The second improvement was to add the other photo I was going to use. However, due to the images of Ryan and Glen, the facial proportions did not fit. Placing the two images next to each other like the way I planned did not look professional nor did it look right. Therefore I decided to change the layout a bit by moving the images to the sides of the page instead of the centre. After this, I then added in the reviews at the top of the poster as this is a stereotypical place to view them.

Magazine cover feedback:
There were several things I needed to improve on my magazine front cover. For example, the masthead I created was described as 'army style'. This is not appropriate for a magazine nor a thriller type magazine. Therefore, I changed the font into something similar due to the fact I wanted my masthead to be thick and bold. This also made it easier to fit the 'Films' part into the masthead.
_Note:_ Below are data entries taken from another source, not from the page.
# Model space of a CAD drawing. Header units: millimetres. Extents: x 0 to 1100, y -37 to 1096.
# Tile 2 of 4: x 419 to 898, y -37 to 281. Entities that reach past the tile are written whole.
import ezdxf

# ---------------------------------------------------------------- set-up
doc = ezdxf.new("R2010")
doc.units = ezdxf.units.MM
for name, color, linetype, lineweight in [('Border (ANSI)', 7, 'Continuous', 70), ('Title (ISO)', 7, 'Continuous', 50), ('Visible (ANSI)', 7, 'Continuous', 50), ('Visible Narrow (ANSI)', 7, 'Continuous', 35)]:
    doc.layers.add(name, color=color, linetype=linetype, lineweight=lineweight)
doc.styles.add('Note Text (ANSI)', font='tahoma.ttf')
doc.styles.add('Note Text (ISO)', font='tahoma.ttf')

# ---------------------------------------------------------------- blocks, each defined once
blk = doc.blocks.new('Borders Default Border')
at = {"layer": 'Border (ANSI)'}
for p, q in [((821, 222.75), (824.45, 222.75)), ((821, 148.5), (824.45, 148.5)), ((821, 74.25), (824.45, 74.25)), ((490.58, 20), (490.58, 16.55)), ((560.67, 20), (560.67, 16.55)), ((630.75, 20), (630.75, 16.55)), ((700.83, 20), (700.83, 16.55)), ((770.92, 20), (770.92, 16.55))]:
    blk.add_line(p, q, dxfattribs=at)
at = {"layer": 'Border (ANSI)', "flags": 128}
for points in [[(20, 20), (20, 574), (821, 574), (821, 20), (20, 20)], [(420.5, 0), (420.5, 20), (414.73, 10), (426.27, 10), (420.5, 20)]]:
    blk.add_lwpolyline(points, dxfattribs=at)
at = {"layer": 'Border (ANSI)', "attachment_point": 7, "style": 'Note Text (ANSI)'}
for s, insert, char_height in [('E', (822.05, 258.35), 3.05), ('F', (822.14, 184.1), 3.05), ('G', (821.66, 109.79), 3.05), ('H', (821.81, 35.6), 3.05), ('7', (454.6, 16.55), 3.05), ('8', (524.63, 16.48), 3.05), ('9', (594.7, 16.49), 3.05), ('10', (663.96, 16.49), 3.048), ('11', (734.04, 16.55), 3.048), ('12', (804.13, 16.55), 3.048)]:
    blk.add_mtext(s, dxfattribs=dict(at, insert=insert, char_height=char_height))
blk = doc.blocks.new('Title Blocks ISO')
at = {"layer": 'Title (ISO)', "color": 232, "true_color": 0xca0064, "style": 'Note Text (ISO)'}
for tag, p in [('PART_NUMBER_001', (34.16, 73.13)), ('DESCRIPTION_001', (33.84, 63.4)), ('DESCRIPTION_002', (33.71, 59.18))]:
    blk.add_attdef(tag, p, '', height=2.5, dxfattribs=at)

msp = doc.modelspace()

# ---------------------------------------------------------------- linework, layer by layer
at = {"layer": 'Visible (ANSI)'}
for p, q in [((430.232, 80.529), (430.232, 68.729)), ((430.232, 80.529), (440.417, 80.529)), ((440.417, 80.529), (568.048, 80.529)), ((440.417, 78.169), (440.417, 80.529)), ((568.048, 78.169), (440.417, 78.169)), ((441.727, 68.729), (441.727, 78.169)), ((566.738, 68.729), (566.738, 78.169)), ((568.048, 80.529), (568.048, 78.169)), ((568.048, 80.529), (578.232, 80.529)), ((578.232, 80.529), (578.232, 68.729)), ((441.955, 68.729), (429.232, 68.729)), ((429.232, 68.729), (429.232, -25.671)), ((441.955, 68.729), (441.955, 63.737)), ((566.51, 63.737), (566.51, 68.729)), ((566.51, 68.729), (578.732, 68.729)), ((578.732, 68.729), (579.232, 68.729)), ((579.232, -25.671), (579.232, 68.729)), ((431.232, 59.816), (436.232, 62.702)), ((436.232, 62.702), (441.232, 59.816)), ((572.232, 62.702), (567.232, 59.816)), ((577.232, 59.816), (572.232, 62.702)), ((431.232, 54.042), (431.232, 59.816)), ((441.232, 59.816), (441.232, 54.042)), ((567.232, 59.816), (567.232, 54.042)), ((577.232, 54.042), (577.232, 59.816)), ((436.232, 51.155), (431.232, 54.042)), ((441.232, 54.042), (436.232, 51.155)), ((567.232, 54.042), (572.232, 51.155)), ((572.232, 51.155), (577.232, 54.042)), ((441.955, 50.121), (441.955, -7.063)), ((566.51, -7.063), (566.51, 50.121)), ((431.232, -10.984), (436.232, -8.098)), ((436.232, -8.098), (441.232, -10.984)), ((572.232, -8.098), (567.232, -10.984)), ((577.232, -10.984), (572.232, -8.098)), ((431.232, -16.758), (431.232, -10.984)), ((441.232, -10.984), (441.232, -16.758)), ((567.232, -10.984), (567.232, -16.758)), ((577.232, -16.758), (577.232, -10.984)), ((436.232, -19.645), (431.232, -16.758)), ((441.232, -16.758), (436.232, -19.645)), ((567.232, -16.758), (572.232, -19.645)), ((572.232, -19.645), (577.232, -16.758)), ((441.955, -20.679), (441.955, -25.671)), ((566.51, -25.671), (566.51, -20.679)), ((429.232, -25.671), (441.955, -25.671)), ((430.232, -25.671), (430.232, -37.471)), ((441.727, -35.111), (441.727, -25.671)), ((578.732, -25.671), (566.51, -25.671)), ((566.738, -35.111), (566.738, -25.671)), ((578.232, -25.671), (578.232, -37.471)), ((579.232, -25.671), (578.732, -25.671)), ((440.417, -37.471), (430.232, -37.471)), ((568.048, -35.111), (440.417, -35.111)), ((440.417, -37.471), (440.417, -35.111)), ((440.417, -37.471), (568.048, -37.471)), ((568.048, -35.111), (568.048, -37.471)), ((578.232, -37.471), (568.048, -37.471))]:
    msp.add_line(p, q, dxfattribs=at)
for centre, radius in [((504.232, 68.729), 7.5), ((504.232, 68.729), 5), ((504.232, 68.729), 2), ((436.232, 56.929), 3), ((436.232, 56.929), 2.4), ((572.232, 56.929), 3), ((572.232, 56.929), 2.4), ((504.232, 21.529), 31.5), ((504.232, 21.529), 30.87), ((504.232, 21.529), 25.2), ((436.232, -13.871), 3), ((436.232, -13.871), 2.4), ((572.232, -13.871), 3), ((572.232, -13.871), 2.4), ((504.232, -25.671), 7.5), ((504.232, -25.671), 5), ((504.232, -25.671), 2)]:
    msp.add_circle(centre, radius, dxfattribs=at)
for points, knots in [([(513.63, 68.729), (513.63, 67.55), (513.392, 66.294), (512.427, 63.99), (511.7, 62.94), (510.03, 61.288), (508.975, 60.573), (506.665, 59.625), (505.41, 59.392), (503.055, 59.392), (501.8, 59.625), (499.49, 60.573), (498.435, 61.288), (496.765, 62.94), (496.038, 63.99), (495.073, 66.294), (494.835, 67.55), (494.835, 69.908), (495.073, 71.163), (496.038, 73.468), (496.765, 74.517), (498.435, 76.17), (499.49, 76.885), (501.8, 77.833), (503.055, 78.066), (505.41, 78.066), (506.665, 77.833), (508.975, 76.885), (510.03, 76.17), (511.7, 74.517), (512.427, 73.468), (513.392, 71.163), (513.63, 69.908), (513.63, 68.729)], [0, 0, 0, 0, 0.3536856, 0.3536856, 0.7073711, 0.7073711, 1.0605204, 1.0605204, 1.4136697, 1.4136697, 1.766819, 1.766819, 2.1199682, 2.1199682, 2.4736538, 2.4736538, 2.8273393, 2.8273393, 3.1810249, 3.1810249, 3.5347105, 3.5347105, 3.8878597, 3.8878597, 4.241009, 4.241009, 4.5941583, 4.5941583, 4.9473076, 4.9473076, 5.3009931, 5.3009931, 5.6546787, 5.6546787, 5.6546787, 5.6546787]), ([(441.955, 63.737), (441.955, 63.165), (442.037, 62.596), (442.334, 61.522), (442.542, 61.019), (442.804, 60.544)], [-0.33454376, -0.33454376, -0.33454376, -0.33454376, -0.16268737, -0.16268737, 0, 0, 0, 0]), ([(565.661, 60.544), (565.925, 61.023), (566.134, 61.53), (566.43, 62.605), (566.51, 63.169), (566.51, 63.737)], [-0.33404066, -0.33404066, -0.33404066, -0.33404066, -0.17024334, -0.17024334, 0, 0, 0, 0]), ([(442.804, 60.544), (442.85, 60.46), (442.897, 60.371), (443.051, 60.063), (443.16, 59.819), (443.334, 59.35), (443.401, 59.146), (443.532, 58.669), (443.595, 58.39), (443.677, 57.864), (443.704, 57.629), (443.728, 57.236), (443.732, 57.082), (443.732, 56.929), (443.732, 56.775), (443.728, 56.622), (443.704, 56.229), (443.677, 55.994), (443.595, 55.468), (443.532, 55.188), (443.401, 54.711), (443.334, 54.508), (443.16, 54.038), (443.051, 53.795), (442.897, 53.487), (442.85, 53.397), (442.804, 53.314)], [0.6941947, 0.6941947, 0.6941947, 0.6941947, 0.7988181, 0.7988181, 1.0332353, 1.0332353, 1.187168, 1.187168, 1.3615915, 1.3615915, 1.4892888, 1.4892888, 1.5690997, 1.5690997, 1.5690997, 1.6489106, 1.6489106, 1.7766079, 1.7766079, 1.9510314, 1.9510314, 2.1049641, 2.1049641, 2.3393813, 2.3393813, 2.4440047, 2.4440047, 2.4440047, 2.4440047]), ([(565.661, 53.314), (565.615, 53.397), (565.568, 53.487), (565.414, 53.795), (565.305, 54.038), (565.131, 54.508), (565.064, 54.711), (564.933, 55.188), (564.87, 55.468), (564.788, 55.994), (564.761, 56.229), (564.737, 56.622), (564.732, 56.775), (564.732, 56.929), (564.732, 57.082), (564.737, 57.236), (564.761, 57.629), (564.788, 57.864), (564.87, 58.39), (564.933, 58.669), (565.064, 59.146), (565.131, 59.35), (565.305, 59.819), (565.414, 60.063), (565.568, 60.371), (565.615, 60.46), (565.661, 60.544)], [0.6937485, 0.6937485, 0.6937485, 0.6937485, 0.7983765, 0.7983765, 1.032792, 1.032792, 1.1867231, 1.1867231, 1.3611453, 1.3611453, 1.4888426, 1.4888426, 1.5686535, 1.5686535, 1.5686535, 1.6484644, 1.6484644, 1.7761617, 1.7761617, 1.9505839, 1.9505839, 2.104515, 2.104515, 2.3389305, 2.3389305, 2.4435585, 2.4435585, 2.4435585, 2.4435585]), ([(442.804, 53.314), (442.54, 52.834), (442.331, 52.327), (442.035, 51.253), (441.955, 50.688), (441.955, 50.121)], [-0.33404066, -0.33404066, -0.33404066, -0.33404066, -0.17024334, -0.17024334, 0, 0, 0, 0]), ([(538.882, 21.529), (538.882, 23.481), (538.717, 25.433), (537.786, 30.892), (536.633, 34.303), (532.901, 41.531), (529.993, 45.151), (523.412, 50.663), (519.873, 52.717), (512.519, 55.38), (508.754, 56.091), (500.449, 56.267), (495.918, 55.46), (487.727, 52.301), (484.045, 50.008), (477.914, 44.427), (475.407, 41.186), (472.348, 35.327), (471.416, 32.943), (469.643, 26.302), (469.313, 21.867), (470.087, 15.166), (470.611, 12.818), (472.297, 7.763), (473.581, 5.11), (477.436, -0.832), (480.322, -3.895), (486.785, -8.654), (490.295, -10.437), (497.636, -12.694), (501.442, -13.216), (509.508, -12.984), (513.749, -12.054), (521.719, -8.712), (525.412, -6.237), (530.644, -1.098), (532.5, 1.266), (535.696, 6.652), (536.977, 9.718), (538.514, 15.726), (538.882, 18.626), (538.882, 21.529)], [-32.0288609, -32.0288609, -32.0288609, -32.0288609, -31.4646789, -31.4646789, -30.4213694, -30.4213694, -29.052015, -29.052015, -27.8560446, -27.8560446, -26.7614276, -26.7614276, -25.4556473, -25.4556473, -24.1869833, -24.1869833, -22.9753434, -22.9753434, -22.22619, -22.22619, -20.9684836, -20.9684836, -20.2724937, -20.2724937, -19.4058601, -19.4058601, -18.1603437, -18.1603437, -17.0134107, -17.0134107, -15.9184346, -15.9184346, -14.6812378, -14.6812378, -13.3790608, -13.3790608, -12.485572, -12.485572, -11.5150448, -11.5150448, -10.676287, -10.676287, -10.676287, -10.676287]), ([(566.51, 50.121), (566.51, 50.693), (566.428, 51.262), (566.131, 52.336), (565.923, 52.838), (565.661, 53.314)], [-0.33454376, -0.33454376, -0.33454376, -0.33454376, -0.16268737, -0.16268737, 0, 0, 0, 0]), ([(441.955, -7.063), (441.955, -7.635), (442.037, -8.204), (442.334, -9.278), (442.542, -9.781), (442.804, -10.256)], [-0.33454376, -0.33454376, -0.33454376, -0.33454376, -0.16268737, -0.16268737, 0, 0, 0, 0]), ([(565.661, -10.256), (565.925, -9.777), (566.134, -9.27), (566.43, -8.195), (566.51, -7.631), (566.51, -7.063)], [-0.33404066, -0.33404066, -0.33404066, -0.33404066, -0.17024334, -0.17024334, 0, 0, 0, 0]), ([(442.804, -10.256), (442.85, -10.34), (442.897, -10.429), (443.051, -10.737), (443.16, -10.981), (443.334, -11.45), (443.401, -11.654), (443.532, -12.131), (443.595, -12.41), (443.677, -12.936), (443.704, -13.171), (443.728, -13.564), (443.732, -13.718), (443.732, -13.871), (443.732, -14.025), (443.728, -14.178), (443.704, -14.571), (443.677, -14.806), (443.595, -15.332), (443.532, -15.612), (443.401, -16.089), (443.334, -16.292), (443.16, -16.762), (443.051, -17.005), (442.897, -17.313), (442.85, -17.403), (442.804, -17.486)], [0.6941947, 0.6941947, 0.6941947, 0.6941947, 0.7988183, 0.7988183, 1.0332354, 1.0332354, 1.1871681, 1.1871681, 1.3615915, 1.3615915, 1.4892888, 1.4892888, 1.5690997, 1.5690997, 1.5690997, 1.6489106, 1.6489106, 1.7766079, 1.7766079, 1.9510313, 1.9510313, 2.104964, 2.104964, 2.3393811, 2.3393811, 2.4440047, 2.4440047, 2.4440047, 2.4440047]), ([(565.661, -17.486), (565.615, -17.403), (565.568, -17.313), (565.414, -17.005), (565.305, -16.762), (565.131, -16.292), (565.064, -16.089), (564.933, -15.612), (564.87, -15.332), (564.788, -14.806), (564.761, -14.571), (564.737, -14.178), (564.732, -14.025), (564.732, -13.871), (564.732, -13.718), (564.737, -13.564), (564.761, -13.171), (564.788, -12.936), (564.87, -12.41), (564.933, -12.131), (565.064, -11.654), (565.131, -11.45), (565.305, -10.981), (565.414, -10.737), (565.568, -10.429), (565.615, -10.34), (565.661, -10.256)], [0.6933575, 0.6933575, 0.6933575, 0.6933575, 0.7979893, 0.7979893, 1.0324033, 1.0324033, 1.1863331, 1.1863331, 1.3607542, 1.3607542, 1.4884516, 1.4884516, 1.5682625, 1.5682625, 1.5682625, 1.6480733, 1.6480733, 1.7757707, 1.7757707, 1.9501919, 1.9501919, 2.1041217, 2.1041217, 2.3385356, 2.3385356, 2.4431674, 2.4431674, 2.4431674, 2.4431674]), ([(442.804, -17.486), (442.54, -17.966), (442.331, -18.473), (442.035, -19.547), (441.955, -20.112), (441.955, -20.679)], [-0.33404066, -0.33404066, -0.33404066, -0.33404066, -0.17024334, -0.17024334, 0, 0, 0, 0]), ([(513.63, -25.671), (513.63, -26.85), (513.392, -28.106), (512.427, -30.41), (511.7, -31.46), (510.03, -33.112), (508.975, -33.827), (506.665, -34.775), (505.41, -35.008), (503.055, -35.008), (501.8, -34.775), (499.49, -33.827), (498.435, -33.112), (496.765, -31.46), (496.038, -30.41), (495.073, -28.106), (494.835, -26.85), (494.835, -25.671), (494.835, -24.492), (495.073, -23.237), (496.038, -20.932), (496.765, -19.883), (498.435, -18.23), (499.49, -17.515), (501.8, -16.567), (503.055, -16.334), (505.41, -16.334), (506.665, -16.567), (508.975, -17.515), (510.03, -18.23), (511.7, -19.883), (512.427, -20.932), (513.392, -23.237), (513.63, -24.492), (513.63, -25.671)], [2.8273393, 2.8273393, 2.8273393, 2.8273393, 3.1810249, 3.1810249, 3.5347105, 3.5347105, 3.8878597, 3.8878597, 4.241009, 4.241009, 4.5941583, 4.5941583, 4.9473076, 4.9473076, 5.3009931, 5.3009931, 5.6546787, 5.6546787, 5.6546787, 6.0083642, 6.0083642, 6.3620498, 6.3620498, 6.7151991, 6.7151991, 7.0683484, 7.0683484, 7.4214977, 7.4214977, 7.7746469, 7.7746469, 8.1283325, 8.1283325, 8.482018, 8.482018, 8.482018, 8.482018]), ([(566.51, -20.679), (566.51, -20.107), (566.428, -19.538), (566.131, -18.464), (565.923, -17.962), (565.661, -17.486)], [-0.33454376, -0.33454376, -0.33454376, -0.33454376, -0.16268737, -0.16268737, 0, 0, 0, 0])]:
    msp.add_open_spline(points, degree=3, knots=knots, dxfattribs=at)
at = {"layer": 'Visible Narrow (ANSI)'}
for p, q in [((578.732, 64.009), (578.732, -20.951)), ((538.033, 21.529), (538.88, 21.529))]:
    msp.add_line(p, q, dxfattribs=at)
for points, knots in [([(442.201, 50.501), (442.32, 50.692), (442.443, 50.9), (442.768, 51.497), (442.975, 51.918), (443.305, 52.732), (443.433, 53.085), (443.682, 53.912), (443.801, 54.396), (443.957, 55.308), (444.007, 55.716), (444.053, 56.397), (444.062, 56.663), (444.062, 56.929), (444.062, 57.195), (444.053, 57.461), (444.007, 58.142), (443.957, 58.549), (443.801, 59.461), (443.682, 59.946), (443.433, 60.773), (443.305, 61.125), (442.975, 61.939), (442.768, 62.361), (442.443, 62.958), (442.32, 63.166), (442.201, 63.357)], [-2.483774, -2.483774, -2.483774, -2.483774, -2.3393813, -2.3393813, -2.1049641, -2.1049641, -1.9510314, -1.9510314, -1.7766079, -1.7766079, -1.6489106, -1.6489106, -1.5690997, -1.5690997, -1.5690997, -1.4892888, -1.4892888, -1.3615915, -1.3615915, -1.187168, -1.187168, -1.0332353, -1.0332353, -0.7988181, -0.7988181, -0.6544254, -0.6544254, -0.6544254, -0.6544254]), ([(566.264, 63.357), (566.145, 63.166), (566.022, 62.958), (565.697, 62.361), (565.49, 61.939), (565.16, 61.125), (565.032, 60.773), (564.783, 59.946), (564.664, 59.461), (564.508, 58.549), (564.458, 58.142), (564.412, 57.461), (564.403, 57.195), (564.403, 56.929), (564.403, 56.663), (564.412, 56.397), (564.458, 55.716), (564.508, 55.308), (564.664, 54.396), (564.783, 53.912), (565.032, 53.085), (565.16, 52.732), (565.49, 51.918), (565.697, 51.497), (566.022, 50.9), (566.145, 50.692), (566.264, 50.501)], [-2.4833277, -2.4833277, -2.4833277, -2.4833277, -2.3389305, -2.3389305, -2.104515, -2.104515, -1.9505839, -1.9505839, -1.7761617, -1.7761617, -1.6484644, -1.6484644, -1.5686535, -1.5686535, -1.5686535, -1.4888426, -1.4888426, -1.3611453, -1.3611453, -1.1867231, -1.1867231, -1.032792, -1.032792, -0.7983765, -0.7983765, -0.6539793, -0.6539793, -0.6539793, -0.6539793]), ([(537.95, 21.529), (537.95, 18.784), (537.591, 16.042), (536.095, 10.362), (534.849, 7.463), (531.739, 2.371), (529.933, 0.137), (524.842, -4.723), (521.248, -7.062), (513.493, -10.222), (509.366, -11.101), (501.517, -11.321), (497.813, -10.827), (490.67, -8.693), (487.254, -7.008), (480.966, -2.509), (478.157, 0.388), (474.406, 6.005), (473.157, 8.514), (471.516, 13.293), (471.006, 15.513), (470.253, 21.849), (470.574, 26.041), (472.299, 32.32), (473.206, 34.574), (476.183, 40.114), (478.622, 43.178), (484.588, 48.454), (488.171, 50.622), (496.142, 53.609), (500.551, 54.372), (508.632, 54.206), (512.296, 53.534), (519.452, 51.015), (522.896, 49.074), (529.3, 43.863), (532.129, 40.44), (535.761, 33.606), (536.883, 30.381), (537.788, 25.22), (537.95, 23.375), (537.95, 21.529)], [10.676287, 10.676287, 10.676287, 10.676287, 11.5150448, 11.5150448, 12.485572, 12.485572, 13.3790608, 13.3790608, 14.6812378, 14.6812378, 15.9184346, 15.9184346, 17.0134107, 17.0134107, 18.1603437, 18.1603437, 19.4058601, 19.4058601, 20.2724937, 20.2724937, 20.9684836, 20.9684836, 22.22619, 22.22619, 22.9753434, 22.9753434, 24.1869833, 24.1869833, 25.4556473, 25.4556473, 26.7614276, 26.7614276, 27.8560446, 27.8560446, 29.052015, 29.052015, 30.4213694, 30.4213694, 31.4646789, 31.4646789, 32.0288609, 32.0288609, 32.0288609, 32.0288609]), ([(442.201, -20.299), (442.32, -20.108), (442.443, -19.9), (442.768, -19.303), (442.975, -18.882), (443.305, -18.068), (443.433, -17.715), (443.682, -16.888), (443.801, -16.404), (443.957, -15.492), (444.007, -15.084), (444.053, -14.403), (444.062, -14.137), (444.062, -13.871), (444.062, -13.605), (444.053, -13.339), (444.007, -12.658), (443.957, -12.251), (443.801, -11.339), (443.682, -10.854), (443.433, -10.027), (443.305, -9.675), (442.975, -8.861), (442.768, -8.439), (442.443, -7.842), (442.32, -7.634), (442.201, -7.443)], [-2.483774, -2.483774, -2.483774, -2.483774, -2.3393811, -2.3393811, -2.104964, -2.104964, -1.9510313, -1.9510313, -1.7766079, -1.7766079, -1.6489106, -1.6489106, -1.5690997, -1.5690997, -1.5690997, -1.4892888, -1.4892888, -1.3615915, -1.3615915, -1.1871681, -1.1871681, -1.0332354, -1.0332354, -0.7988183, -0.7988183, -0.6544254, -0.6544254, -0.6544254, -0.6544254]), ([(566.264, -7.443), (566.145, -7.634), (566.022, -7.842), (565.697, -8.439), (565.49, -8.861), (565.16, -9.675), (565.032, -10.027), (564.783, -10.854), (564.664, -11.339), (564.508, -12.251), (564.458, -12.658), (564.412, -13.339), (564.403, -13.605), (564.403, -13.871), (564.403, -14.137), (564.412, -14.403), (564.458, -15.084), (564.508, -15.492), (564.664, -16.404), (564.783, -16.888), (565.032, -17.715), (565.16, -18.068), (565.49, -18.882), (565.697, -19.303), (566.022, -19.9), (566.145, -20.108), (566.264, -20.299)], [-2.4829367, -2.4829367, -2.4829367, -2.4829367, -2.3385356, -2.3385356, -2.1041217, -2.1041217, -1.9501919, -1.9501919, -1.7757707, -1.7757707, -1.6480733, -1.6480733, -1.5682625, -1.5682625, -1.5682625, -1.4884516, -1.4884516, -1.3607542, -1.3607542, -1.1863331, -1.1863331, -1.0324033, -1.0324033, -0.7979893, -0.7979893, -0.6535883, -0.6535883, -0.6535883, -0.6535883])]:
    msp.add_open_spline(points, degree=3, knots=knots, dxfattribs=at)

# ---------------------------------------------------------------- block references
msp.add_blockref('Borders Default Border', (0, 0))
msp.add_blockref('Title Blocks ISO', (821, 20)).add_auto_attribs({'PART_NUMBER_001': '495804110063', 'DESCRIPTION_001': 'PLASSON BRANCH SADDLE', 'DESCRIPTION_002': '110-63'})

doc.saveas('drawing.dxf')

The font I changed it to was 'Rockwell Extra Bold' on Adobe Photoshop.

It was also suggested that I should remove the speech bubble. This is because it made my magazine counter typical due to this feature looking like it belonged on a cartoon magazine. It also helped balance the information on both sides of the magazine. It had also been noted that the yellow star I added on the competition logo looked 'odd'. The colour yellow does not associate with thrillers but also, it did not match my colour scheme of black, red and white. I have learnt that every detail counts when producing a magazine.


Another thing I made changes to was the main mid-shot. This was because the image was too high up on the page. By lowering the mid-shot, the audience will be able to see it more clearly, but also the magazine is more spread out instead of all the information being really close to each other. This makes the reader feel more at ease because they are able to see everything easier when its spaced out.


There were also a minority of comments on the black and white image used on the left side of the magazine. I thought this was effective due to a range of shots being used but also it was a shot-reverse-shot image from the trailer which I thought was appropriate when advertising the trailer. However, the image did not fit in this place therefore I deleted it. This then meant I could enlarge the text and move it around more. This makes it easier for the audience to read but also helps balance both sides of the magazine which is a stereotypical convention.